* **Exercise**
Could you transcribe each entry below exactly, minus the images?

The records: Begin

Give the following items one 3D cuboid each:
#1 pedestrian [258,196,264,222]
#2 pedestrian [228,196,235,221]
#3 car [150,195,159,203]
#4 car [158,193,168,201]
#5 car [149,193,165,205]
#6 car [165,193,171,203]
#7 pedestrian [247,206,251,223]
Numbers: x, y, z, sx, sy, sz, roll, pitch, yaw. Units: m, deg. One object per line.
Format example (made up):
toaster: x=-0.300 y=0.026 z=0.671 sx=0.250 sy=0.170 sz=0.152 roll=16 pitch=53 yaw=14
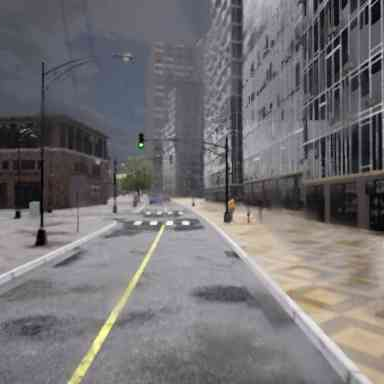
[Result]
pedestrian: x=4.904 y=1.196 z=23.789 sx=0.375 sy=1.860 sz=0.375 roll=1 pitch=-1 yaw=-3
pedestrian: x=2.878 y=1.180 z=24.294 sx=0.375 sy=1.860 sz=0.375 roll=1 pitch=-1 yaw=-3
car: x=-8.507 y=1.562 z=74.437 sx=1.882 sy=1.535 sz=5.008 roll=0 pitch=0 yaw=-9
car: x=-7.350 y=1.160 z=84.447 sx=2.150 sy=2.045 sz=5.566 roll=0 pitch=0 yaw=-10
car: x=-6.423 y=1.296 z=58.953 sx=2.150 sy=2.045 sz=5.566 roll=0 pitch=0 yaw=-6
car: x=-5.678 y=1.586 z=74.139 sx=1.837 sy=1.490 sz=4.892 roll=0 pitch=0 yaw=-9
pedestrian: x=3.934 y=1.564 z=23.136 sx=0.500 sy=1.100 sz=0.500 roll=1 pitch=-1 yaw=-3

The records: End

* **The answer**
Give the following items one 3D cuboid each:
#1 pedestrian [258,196,264,222]
#2 pedestrian [228,196,235,221]
#3 car [150,195,159,203]
#4 car [158,193,168,201]
#5 car [149,193,165,205]
#6 car [165,193,171,203]
#7 pedestrian [247,206,251,223]
Numbers: x, y, z, sx, sy, sz, roll, pitch, yaw. Units: m, deg. One object per line.
Format example (made up):
toaster: x=-0.300 y=0.026 z=0.671 sx=0.250 sy=0.170 sz=0.152 roll=16 pitch=53 yaw=14
[Result]
pedestrian: x=4.904 y=1.196 z=23.789 sx=0.375 sy=1.860 sz=0.375 roll=1 pitch=-1 yaw=-3
pedestrian: x=2.878 y=1.180 z=24.294 sx=0.375 sy=1.860 sz=0.375 roll=1 pitch=-1 yaw=-3
car: x=-8.507 y=1.562 z=74.437 sx=1.882 sy=1.535 sz=5.008 roll=0 pitch=0 yaw=-9
car: x=-7.350 y=1.160 z=84.447 sx=2.150 sy=2.045 sz=5.566 roll=0 pitch=0 yaw=-10
car: x=-6.423 y=1.296 z=58.953 sx=2.150 sy=2.045 sz=5.566 roll=0 pitch=0 yaw=-6
car: x=-5.678 y=1.586 z=74.139 sx=1.837 sy=1.490 sz=4.892 roll=0 pitch=0 yaw=-9
pedestrian: x=3.934 y=1.564 z=23.136 sx=0.500 sy=1.100 sz=0.500 roll=1 pitch=-1 yaw=-3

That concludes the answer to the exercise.